And all for a damn headband


----------



## Darius Miles Davis (Aug 2, 2002)

This was not very professional by Wallace tonight, but I have to say that I'm quite irritated with PaxSkiles for the headband rule. Despite Wallace's troublesome conduct tonight, I really hope they cave for once and let the guy wear a headband. 

This is the problem about rules. When rules become about rules themselves, the people making the rules really have to ask themselves what is important.


----------



## Hustle (Dec 17, 2003)

Darius Miles Davis said:


> This was not very professional by Wallace tonight, but I have to say that I'm quite irritated with PaxSkiles for the headband rule. Despite Wallace's troublesome conduct tonight, I really hope they cave for once and let the guy wear a headband.
> 
> This is the problem about rules. When rules become about rules themselves, the people making the rules really have to ask themselves what is important.


exactly how I feel. Wallace should have been a man and had a serious talk to the coaching staff if it was really bothering him, not make a statement against your coaches before a desperatly needed win.

Maybe the best way to resolve this conflict is also childish, all coaches and players put your anonymous vote in the hat whether you like the rule or not.

I mean the whole point of the headband rule was to bring the team together, it's obviously not working. Thats really all that needs to be said. Skiles admit your ways aren't always whats best, Wallace admit what you did was selfish and immature.


----------



## MacDanny 6 (Jun 7, 2002)

futuristxen said:


> And I agree. Skiles should make him earn his headband. If he wants to wear the headband then he has to be leading the league in rebounding and blocked shots.


Then thats all he would try to do. Instead of getting his mind focused on winning the game, he'll be focused on padding his stats so he could wear his headband and thats not good.


----------



## kulaz3000 (May 3, 2006)

Hustle said:


> exactly how I feel. Wallace should have been a man and had a serious talk to the coaching staff if it was really bothering him, not make a statement against your coaches before a desperatly needed win.
> 
> Maybe the best way to resolve this conflict is also childish, all coaches and players put your anonymous vote in the hat whether you like the rule or not.
> 
> I mean the whole point of the headband rule was to bring the team together, it's obviously not working. Thats really all that needs to be said. Skiles admit your ways aren't always whats best, Wallace admit what you did was selfish and immature.

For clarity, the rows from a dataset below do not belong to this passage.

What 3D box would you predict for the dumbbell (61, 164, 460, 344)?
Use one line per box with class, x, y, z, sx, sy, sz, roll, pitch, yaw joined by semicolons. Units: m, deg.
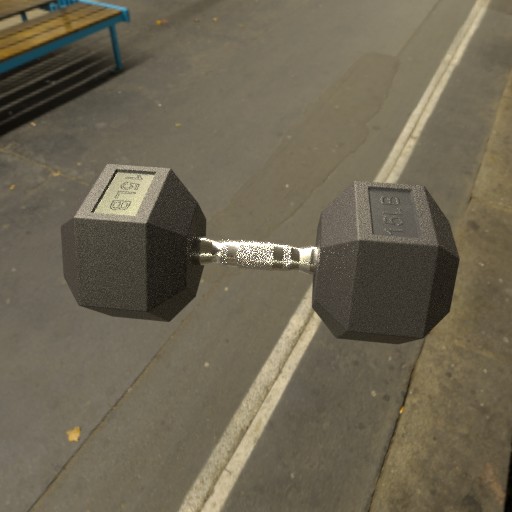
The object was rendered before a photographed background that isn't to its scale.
dumbbell;0.000;0.000;0.335;0.271;0.106;0.122;5;46;5
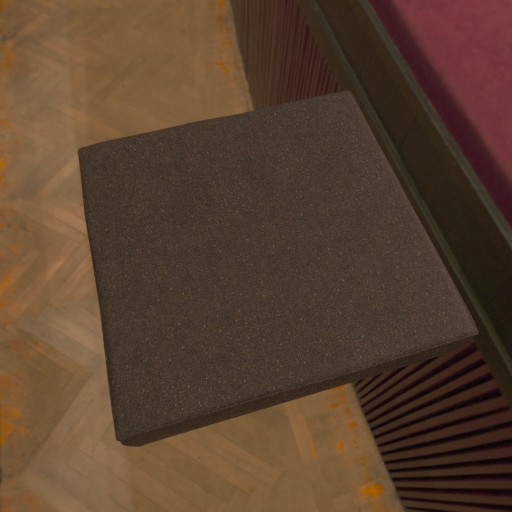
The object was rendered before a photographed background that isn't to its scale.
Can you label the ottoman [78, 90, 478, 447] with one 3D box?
[{"bbox_3d":[0.000,0.000,1.504,1.004,0.382,0.968,-14,64,-7],"label":"ottoman"}]

inspired by allen iversons practise rant from years past..

"headbands! we're talking about headbands! headbands! we're talking about headbands!"

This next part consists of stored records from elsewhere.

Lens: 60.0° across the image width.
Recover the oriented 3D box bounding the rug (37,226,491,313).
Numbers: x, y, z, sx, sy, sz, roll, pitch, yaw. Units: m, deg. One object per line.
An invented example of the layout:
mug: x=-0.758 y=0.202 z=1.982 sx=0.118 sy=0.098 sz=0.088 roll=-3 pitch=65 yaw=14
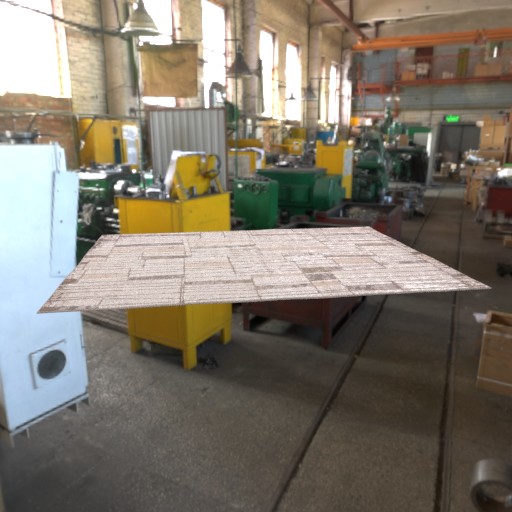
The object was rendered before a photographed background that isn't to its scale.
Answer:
rug: x=0.000 y=0.000 z=4.377 sx=3.357 sy=0.019 sz=2.449 roll=-2 pitch=15 yaw=-8

c'mon guys, for all that are defending wallaces actions have to realize your defending a guy who is meant to be the star of the team, who as a result is sulking and crying out for attention because his not allowed to wear a heaband. WHOOP DI **CKIN DOO!! 

a rule is a rule, why does he have to go out of his way to break a rule. because his playing badly? because the team isn't play well? so he decides to be a little b*tch, and make a tough guy statement by wearing a headband? please, if he really wanted to make a statement he should have played harder, hustled harder, and willed his players to a win. be the first to congratulate teammates, be supportive and be more vocal. i never seem him enthusastic with the team, his always half hearted hand slaps and high fives are lame. 

big ben has to go cry himself a river with timberlake and then come back and play some basketball like a man and stop being a little girl.


----------



## BullSoxChicagosFinest (Oct 22, 2005)

This situation aside, can someone explain to me how headbands have any impact on team unity? Have seen it multiple times in this thread and it has me puzzled. I mean, shoes have a bigger impact, and no one cares about that (superstar always has his own/different shoes from the rest of the team)


----------



## The 6ft Hurdle (Jan 25, 2003)

Ben Wallace is going to look like a hybrid of Charles Oakley and Tyson Chandler during his time here under Scott Skiles. Looks like he's off to a good start.

But seriously, I knew we'd find a way to minimize his talent. Folks can make superficial observations about how he's sucking, but we've seen that he has talent --- it's evident in the 4 DPOYs. There HAS to be a deeper reason as to why he's not producing more than just saying "he just doesn't have it." Yeah, maybe he has a history of quitting, but THIS early in the season over THIS issue?

I didn't really like Pax's moves over the summer, but I'm beyond pissed off at Skiles for making issues out of such little things like this. But I'm not surprised. And this is probably just the surface of what we see as fans. 

Even though Ben W. is supposed to be a captain, I would think the coach would know when and how to apply rules as necessary. I could understand why Skiles would do such a thing, but that doesn't make it a necessary rule.

Rules are necessary to prevent things from getting hurt. You can easily stretch, contort that to mean whatever you want. In Skiles case: the headband encourages individuality. Individuality hurts the team. 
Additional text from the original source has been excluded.